• **Task objective**
Skip the pictures. Output only the lines below starting at the line with "text Waternet behandelt" and ending at the line with "Identify the document", both ends included, exactly as they are.

• **Input**
______

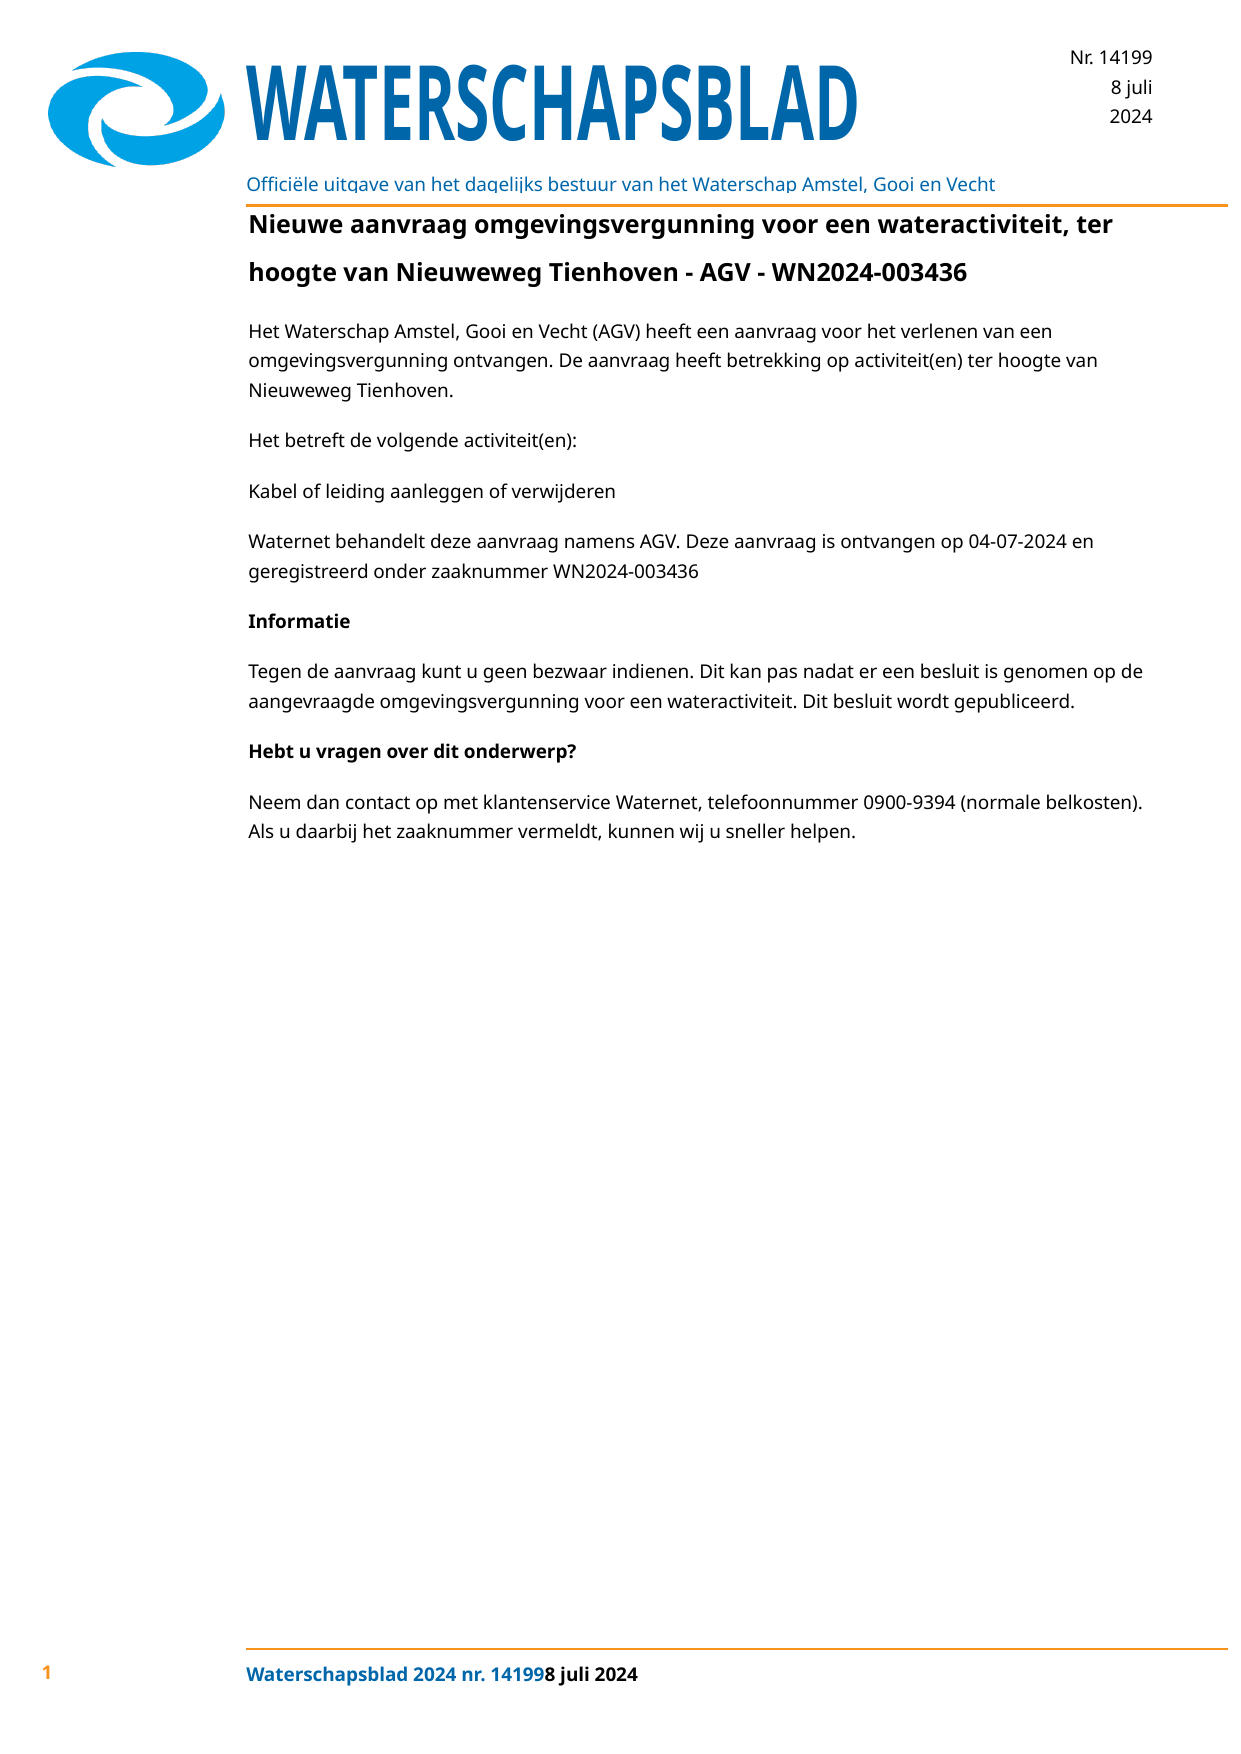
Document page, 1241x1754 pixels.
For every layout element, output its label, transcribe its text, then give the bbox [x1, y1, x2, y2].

text Het betreft de volgende activiteit(en): [248, 427, 1152, 453]
text Kabel of leiding aanleggen of verwijderen [248, 478, 1152, 504]
text Het Waterschap Amstel, Gooi en Vecht (AGV) heeft een aanvraag voor het verlenen van een omgevingsvergunning ontvangen. De aanvraag heeft betrekking op activiteit(en) ter hoogte van Nieuweweg Tienhoven. [248, 318, 1152, 403]
text Nieuwe aanvraag omgevingsvergunning voor een wateractiviteit, ter hoogte van Nieuweweg Tienhoven - AGV - WN2024-003436 [248, 207, 1152, 288]
picture [41, 47, 231, 172]
text Tegen de aanvraag kunt u geen bezwaar indienen. Dit kan pas nadat er een besluit is genomen op de aangevraagde omgevingsvergunning voor een wateractiviteit. Dit besluit wordt gepubliceerd. [248, 659, 1152, 714]
text Hebt u vragen over dit onderwerp? [248, 739, 1152, 764]
text Informatie [248, 608, 1152, 634]
text Waternet behandelt deze aanvraag namens AGV. Deze aanvraag is ontvangen op 04-07-2024 en geregistreerd onder zaaknummer WN2024-003436 [248, 528, 1152, 584]
text Neem dan contact op met klantenservice Waternet, telefoonnummer 0900-9394 (normale belkosten). Als u daarbij het zaaknummer vermeldt, kunnen wij u sneller helpen. [248, 789, 1152, 844]
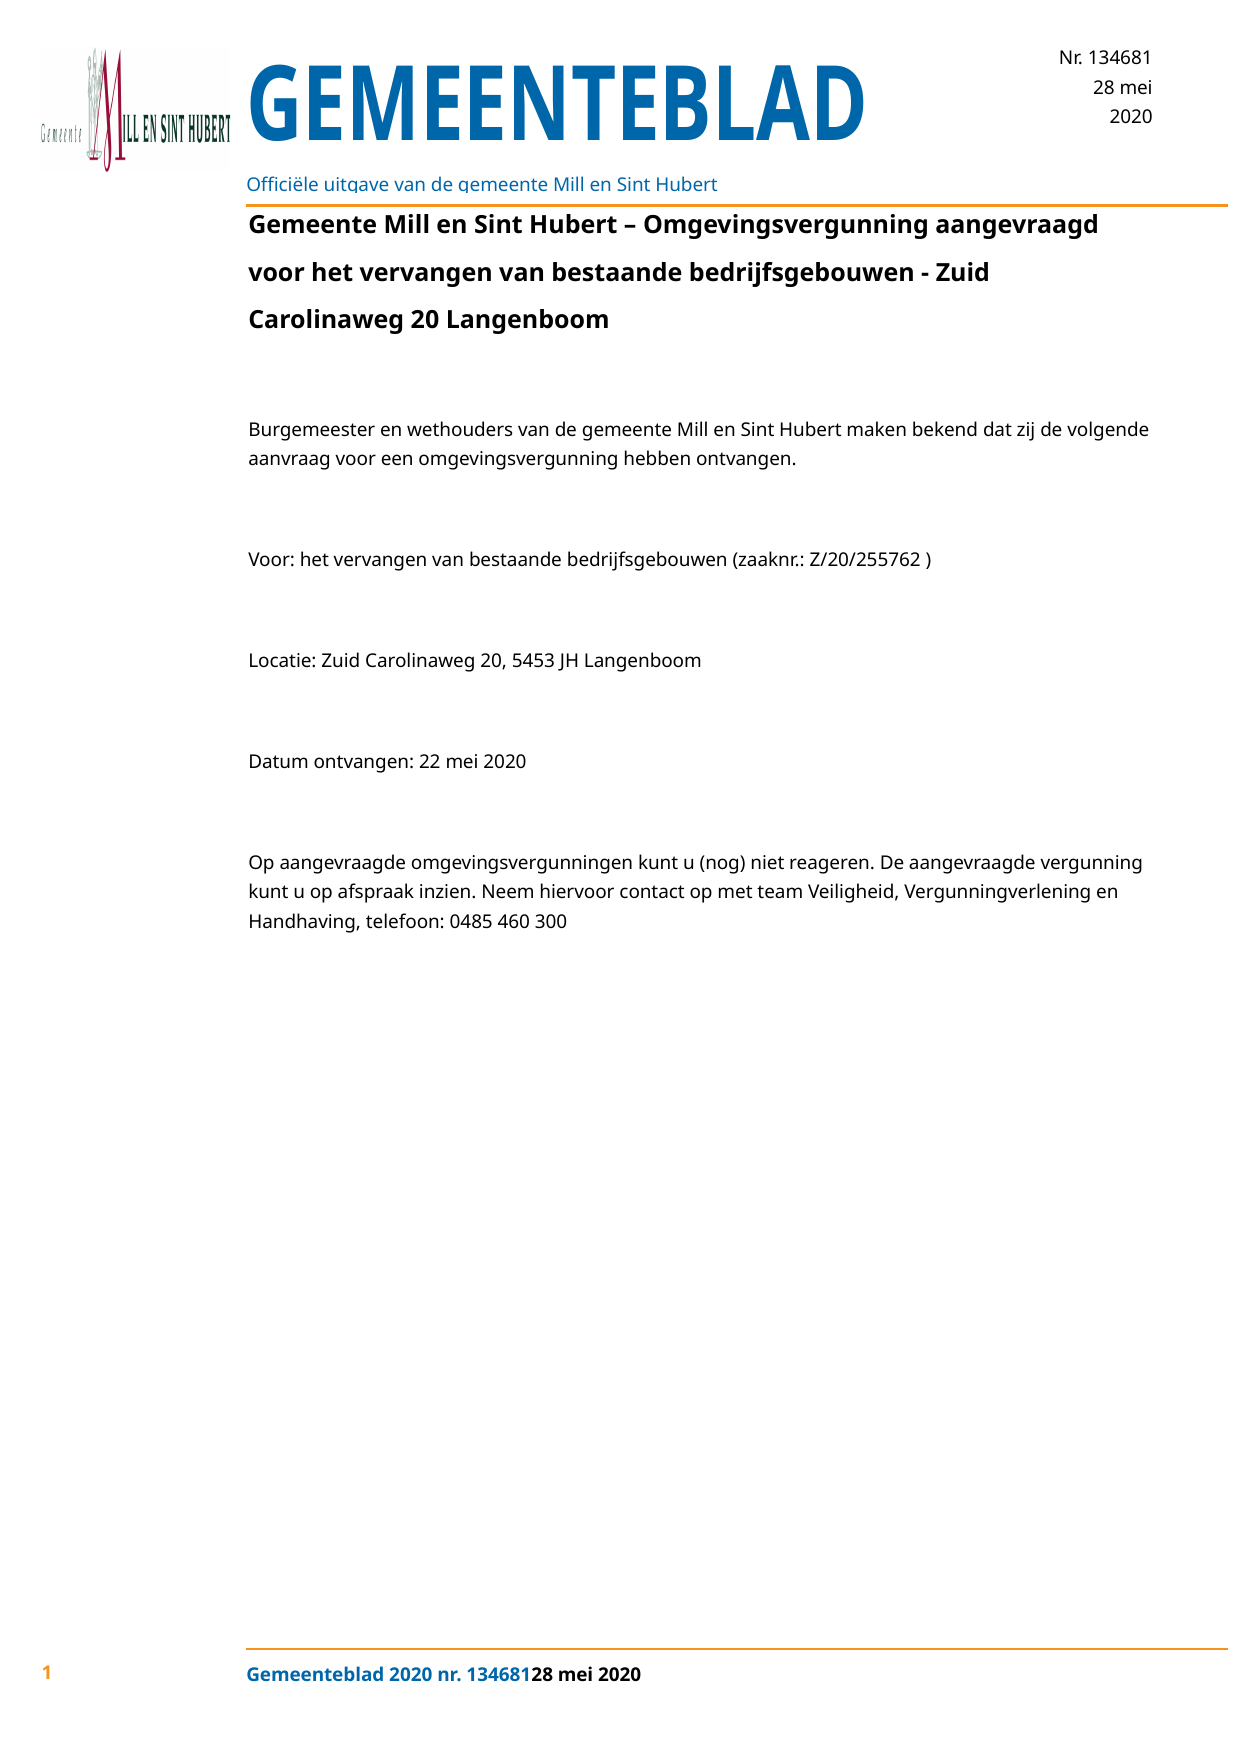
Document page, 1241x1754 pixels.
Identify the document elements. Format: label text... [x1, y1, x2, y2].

text Voor: het vervangen van bestaande bedrijfsgebouwen (zaaknr.: Z/20/255762 ) [248, 546, 1152, 572]
text Locatie: Zuid Carolinaweg 20, 5453 JH Langenboom [248, 647, 1152, 673]
picture [41, 47, 231, 172]
text Burgemeester en wethouders van de gemeente Mill en Sint Hubert maken bekend dat zij de volgende aanvraag voor een omgevingsvergunning hebben ontvangen. [248, 416, 1152, 471]
text Op aangevraagde omgevingsvergunningen kunt u (nog) niet reageren. De aangevraagde vergunning kunt u op afspraak inzien. Neem hiervoor contact op met team Veiligheid, Vergunningverlening en Handhaving, telefoon: 0485 460 300 [248, 849, 1152, 934]
text Datum ontvangen: 22 mei 2020 [248, 748, 1152, 774]
text Gemeente Mill en Sint Hubert – Omgevingsvergunning aangevraagd voor het vervangen van bestaande bedrijfsgebouwen - Zuid Carolinaweg 20 Langenboom [248, 207, 1152, 336]

______

• **Your response**
text Waternet behandelt deze aanvraag namens AGV. Deze aanvraag is ontvangen op 04-07-2024 en geregistreerd onder zaaknummer WN2024-003436 [248, 528, 1152, 584]
text Neem dan contact op met klantenservice Waternet, telefoonnummer 0900-9394 (normale belkosten). Als u daarbij het zaaknummer vermeldt, kunnen wij u sneller helpen. [248, 789, 1152, 844]
Document page, 1241x1754 pixels.
Identify the document elements. Format: label text... [x1, y1, x2, y2].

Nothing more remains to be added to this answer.